Séptimo microrrelato de «Gladius et Peplum»

Paz de espíritu

Nunca en la breve historia de la comunidad, había habido tanta gente para despedir a un miembro que ni siquiera formaba parte del consejo principal. No sólo eso, había reunido a buena parte de las otras pequeñas comunidades, algunos gentiles y unos pocos judíos ortodoxos. No faltó quien sintió envidia por las públicas muestras de respeto y cariño que estaba recibiendo Simeón de Cesarea de cientos de personas.
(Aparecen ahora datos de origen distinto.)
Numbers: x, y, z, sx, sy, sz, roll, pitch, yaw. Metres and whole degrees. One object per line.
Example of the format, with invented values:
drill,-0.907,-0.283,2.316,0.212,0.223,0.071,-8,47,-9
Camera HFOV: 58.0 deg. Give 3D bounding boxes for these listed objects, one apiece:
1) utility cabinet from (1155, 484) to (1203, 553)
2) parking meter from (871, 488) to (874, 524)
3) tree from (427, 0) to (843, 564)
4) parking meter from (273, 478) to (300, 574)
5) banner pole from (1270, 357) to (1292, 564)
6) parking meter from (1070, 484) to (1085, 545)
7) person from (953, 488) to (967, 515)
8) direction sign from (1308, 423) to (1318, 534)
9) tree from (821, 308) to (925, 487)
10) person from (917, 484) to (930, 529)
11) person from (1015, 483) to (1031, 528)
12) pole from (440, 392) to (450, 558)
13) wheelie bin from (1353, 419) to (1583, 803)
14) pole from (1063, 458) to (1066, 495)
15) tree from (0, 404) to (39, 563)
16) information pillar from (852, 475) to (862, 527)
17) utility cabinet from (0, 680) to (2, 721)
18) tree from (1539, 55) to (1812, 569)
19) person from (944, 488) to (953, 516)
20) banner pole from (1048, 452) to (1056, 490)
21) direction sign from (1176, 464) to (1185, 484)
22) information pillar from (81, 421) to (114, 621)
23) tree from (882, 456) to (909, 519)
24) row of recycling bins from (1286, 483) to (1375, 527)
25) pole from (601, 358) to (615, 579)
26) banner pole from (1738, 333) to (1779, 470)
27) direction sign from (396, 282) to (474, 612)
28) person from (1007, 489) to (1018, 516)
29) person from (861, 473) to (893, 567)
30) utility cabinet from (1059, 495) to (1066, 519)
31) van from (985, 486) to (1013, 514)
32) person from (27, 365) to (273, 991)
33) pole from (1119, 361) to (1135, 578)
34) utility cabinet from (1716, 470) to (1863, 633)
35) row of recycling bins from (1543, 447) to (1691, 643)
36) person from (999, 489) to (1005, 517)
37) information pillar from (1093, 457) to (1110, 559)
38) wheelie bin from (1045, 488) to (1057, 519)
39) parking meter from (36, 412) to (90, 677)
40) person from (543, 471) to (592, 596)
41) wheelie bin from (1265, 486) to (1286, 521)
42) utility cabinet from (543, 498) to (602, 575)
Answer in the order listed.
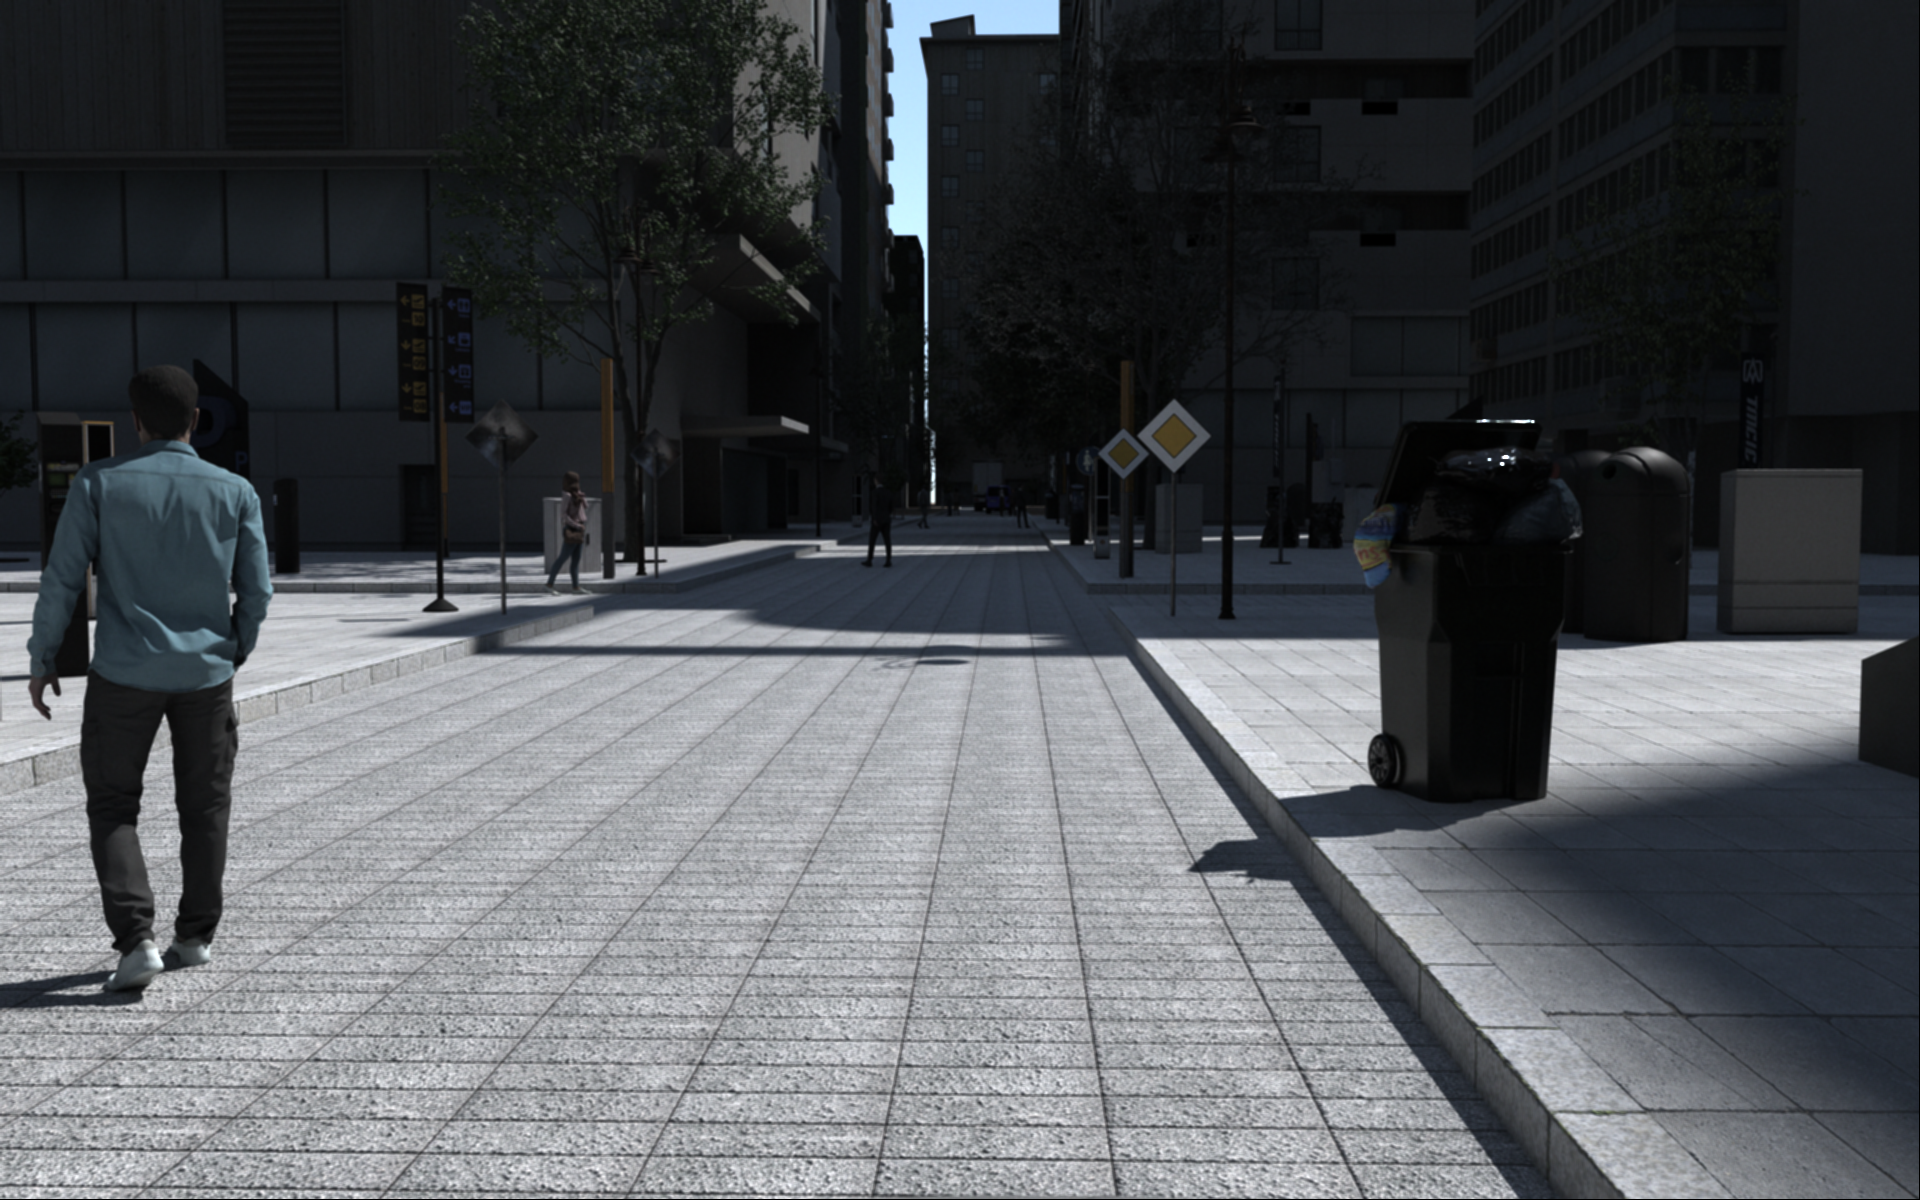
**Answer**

El viejo ciego había decidido irse a vivir como un eremita, vagando por el Sur de Egipto para no volver. Pasar la última etapa de su vida en soledad con el fin de mimetizarse con el cosmos y acercarse más a su dios. Al dios de Cristo.
Sólo dos cosas se cuchicheaban por aquel entonces en la populosa ciudad: la muerte de la madre del César, Agripina, incluyendo las morbosas teorías alrededor del funesto suceso, y la inminente partida de Alexandria del invidente más famoso del lugar. Uno de los motivos por lo que era tan querido era por su carácter apacible, sincero y discreto. Otro era por su respeto y disposición hacia todos los que se encontraba, procurando ayuda hasta donde sus limitados recursos fueran posibles. También por predicar la palabra del magister por toda la urbe, pero manteniendo debates filosóficos y dogmáticos con aquellos sabios, o no tanto, que quisieran intercambiar educadamente sus postulados. Y cuando se faltaba al respeto o se airaban, simplemente se despedía cordialmente y se esfumaba. Por todo esto y mucho más, había tantos allí, aunque no compartieran sus ideas. Igualmente, conocer a Sexto Valerio le causó una honda impresión, buscando la conversión de paganos y gentiles, entendiendo que no hay nadie exento de la gracia y la salvación del nazareno. Fue criticado por elementos superiores jerárquicamente dentro de la comunidad, pero refutó cada alegato planteado contra él y siguió de forma independiente, sin buscar confrontación. «Ya he tenido mucho de eso en mi vida», solía decir.
La tarde en la que partía, en la puerta Canope se amontonaban los curiosos: los que le deseaban buena fortuna, los que mostraban su gratitud e incluso unos pocos lloraban. Había sido un elemento de cohesión entre la heterogénea población de Alexandria. Fue una total sorpresa para él que, aunque no podía ver, sí intuía la masa a través de su oído y olfato. Viendo que debía decir algo, se giró a la muchedumbre, alzó una mano para rogar silencio y comenzó a hablar en griego con una amplia sonrisa en los labios.
-                Gracias por haberos desplazado hasta aquí. Este pobre viejo no lo esperaba y no merece tanto. Llevo a esta ciudad conmigo y cuando me reúna con el magister, le hablaré de todos vosotros, creáis o no en él. Haced que la paz, la ayuda al prójimo y el amor gobiernen vuestra vida diaria, con todos los que procuren vuestro bien y los que no. La rabia es para las bestias. Trascendamos del odio, que no lleva más que a la desesperación. Bendiciones, pueblo de Alexandria.
Justo al final, un hombre y dos mujeres, los más cercanos a él, recibieron especiales muestras de cariño. Destacó una joven a la que le dedicó unas pocas palabras.
-                Judith, tu lugar está fuera de esta urbe. Ve en mi nombre a la casa de la venerable viuda Vibia. Es una mujer poderosa e inteligente. Sabrá guiarte hacia un futuro mejor.
Dicho esto, hizo un solemne gesto con su mano para despedirse y se rió con ganas por la alegría que sentía de notar la calidez de tanta gente y su deseo de emprender esta nueva aventura. Su última aventura. Se fue caminando solo hacia el horizonte ante las melancólicas miradas de los habitantes de la ciudad. Un viejo decrépito, con toscos ropajes, que se tambaleaba al caminar, pero con firmes convicciones. Su proyecto continuaba, con un Dios al que amaba y una felicidad plena que había costado lograr. Había valido la pena su esfuerzo y el tortuoso camino que le había tocado recorrer. Había estado mucho tiempo ayudando a los hombres y haciendo de mediador con el Padre. Ahora la tocaba alejarse de lo mundano, con cierto temor, pero también con regocijo.